Provided material:
* * * *
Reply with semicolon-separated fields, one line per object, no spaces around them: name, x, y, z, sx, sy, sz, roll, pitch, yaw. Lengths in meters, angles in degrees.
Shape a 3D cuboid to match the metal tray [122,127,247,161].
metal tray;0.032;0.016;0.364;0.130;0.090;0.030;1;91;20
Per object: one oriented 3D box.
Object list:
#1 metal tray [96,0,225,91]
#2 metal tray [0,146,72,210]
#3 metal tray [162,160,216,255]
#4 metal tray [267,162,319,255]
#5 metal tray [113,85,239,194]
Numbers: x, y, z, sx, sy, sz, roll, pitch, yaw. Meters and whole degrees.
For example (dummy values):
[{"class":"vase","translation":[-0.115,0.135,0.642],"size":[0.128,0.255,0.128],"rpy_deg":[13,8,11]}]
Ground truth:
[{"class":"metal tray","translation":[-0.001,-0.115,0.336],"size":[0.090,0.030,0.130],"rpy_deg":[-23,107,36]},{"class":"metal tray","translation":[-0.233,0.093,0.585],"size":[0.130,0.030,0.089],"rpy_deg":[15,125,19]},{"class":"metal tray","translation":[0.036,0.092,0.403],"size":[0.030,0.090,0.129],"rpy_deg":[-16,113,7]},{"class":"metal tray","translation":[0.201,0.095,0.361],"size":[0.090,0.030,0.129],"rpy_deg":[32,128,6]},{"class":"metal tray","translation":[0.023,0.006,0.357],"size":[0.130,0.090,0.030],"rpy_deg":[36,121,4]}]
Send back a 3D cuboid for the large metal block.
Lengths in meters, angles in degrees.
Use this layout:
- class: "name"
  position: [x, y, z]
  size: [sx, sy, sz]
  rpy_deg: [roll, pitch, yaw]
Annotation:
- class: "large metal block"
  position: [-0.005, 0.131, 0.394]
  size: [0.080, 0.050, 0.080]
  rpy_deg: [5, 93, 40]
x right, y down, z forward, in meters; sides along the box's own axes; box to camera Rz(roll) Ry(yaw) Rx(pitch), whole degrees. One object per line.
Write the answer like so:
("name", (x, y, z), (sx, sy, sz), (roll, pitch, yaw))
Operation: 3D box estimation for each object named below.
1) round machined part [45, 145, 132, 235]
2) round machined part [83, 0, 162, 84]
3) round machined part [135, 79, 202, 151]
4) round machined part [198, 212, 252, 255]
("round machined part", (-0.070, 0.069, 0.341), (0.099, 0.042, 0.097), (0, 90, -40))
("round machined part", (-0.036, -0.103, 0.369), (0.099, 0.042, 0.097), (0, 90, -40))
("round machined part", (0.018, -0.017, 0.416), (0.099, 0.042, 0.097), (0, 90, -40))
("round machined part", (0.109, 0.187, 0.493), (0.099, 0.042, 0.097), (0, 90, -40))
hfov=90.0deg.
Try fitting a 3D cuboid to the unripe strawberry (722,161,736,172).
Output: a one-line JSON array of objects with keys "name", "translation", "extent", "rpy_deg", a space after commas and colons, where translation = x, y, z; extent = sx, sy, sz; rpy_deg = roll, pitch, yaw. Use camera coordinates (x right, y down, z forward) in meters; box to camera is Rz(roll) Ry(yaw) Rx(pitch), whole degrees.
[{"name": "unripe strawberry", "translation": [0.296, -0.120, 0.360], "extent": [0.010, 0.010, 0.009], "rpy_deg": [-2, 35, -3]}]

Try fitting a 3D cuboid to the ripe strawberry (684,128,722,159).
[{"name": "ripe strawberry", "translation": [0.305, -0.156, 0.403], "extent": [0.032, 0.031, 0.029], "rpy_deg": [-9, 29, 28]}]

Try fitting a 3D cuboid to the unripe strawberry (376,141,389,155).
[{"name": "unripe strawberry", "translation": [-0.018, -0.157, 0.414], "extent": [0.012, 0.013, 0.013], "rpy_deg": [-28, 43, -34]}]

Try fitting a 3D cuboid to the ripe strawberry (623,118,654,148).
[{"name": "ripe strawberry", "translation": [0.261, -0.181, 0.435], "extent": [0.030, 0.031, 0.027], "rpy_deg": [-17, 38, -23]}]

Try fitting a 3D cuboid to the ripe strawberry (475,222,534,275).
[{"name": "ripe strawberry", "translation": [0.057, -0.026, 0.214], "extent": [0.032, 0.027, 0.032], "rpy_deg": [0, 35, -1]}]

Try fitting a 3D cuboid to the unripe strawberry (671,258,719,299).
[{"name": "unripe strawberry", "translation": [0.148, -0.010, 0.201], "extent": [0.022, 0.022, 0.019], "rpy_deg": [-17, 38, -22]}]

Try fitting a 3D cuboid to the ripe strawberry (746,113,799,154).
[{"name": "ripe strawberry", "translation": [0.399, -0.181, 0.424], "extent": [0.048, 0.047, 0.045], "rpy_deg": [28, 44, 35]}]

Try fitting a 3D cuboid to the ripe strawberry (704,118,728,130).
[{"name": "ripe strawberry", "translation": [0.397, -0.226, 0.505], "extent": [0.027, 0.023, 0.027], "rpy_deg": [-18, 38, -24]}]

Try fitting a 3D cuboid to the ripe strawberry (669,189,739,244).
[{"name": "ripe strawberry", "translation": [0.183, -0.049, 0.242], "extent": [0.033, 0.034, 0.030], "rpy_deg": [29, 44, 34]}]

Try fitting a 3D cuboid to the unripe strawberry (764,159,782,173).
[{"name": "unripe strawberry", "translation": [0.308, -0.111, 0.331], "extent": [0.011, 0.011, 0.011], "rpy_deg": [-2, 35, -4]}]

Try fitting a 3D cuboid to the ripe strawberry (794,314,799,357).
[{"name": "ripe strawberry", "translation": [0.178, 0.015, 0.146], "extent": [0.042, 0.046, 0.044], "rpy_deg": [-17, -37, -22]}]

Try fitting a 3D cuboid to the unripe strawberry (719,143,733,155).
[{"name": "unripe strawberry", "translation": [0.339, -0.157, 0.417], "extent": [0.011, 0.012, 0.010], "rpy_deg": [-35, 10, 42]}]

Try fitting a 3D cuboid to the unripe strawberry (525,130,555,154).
* * * *
Required work: Please copy each line above exactly as written.

Written solution:
Reply with semicolon-separated fields, one line per object, no spaces around them: name, x, y, z, sx, sy, sz, roll, pitch, yaw. Lengths in meters, angles in degrees.
Shape a 3D cuboid to match the metal tray [122,127,247,161].
metal tray;0.032;0.016;0.364;0.130;0.090;0.030;1;91;20
Per object: one oriented 3D box.
Object list:
#1 metal tray [96,0,225,91]
#2 metal tray [0,146,72,210]
#3 metal tray [162,160,216,255]
#4 metal tray [267,162,319,255]
#5 metal tray [113,85,239,194]
Numbers: x, y, z, sx, sy, sz, roll, pitch, yaw. Meters and whole degrees.
For example (dummy values):
[{"class":"vase","translation":[-0.115,0.135,0.642],"size":[0.128,0.255,0.128],"rpy_deg":[13,8,11]}]
Ground truth:
[{"class":"metal tray","translation":[-0.001,-0.115,0.336],"size":[0.090,0.030,0.130],"rpy_deg":[-23,107,36]},{"class":"metal tray","translation":[-0.233,0.093,0.585],"size":[0.130,0.030,0.089],"rpy_deg":[15,125,19]},{"class":"metal tray","translation":[0.036,0.092,0.403],"size":[0.030,0.090,0.129],"rpy_deg":[-16,113,7]},{"class":"metal tray","translation":[0.201,0.095,0.361],"size":[0.090,0.030,0.129],"rpy_deg":[32,128,6]},{"class":"metal tray","translation":[0.023,0.006,0.357],"size":[0.130,0.090,0.030],"rpy_deg":[36,121,4]}]
Send back a 3D cuboid for the large metal block.
Lengths in meters, angles in degrees.
Use this layout:
- class: "name"
  position: [x, y, z]
  size: [sx, sy, sz]
  rpy_deg: [roll, pitch, yaw]
Annotation:
- class: "large metal block"
  position: [-0.005, 0.131, 0.394]
  size: [0.080, 0.050, 0.080]
  rpy_deg: [5, 93, 40]
x right, y down, z forward, in meters; sides along the box's own axes; box to camera Rz(roll) Ry(yaw) Rx(pitch), whole degrees. One object per line.
Write the answer like so:
("name", (x, y, z), (sx, sy, sz), (roll, pitch, yaw))
Operation: 3D box estimation for each object named below.
1) round machined part [45, 145, 132, 235]
2) round machined part [83, 0, 162, 84]
3) round machined part [135, 79, 202, 151]
4) round machined part [198, 212, 252, 255]
("round machined part", (-0.070, 0.069, 0.341), (0.099, 0.042, 0.097), (0, 90, -40))
("round machined part", (-0.036, -0.103, 0.369), (0.099, 0.042, 0.097), (0, 90, -40))
("round machined part", (0.018, -0.017, 0.416), (0.099, 0.042, 0.097), (0, 90, -40))
("round machined part", (0.109, 0.187, 0.493), (0.099, 0.042, 0.097), (0, 90, -40))
hfov=90.0deg.
Try fitting a 3D cuboid to the unripe strawberry (722,161,736,172).
Output: a one-line JSON array of objects with keys "name", "translation", "extent", "rpy_deg", a space after commas and colons, where translation = x, y, z; extent = sx, sy, sz; rpy_deg = roll, pitch, yaw. Use camera coordinates (x right, y down, z forward) in meters; box to camera is Rz(roll) Ry(yaw) Rx(pitch), whole degrees.
[{"name": "unripe strawberry", "translation": [0.296, -0.120, 0.360], "extent": [0.010, 0.010, 0.009], "rpy_deg": [-2, 35, -3]}]

Try fitting a 3D cuboid to the ripe strawberry (684,128,722,159).
[{"name": "ripe strawberry", "translation": [0.305, -0.156, 0.403], "extent": [0.032, 0.031, 0.029], "rpy_deg": [-9, 29, 28]}]

Try fitting a 3D cuboid to the unripe strawberry (376,141,389,155).
[{"name": "unripe strawberry", "translation": [-0.018, -0.157, 0.414], "extent": [0.012, 0.013, 0.013], "rpy_deg": [-28, 43, -34]}]

Try fitting a 3D cuboid to the ripe strawberry (623,118,654,148).
[{"name": "ripe strawberry", "translation": [0.261, -0.181, 0.435], "extent": [0.030, 0.031, 0.027], "rpy_deg": [-17, 38, -23]}]

Try fitting a 3D cuboid to the ripe strawberry (475,222,534,275).
[{"name": "ripe strawberry", "translation": [0.057, -0.026, 0.214], "extent": [0.032, 0.027, 0.032], "rpy_deg": [0, 35, -1]}]

Try fitting a 3D cuboid to the unripe strawberry (671,258,719,299).
[{"name": "unripe strawberry", "translation": [0.148, -0.010, 0.201], "extent": [0.022, 0.022, 0.019], "rpy_deg": [-17, 38, -22]}]

Try fitting a 3D cuboid to the ripe strawberry (746,113,799,154).
[{"name": "ripe strawberry", "translation": [0.399, -0.181, 0.424], "extent": [0.048, 0.047, 0.045], "rpy_deg": [28, 44, 35]}]

Try fitting a 3D cuboid to the ripe strawberry (704,118,728,130).
[{"name": "ripe strawberry", "translation": [0.397, -0.226, 0.505], "extent": [0.027, 0.023, 0.027], "rpy_deg": [-18, 38, -24]}]

Try fitting a 3D cuboid to the ripe strawberry (669,189,739,244).
[{"name": "ripe strawberry", "translation": [0.183, -0.049, 0.242], "extent": [0.033, 0.034, 0.030], "rpy_deg": [29, 44, 34]}]

Try fitting a 3D cuboid to the unripe strawberry (764,159,782,173).
[{"name": "unripe strawberry", "translation": [0.308, -0.111, 0.331], "extent": [0.011, 0.011, 0.011], "rpy_deg": [-2, 35, -4]}]

Try fitting a 3D cuboid to the ripe strawberry (794,314,799,357).
[{"name": "ripe strawberry", "translation": [0.178, 0.015, 0.146], "extent": [0.042, 0.046, 0.044], "rpy_deg": [-17, -37, -22]}]

Try fitting a 3D cuboid to the unripe strawberry (719,143,733,155).
[{"name": "unripe strawberry", "translation": [0.339, -0.157, 0.417], "extent": [0.011, 0.012, 0.010], "rpy_deg": [-35, 10, 42]}]

Try fitting a 3D cuboid to the unripe strawberry (525,130,555,154).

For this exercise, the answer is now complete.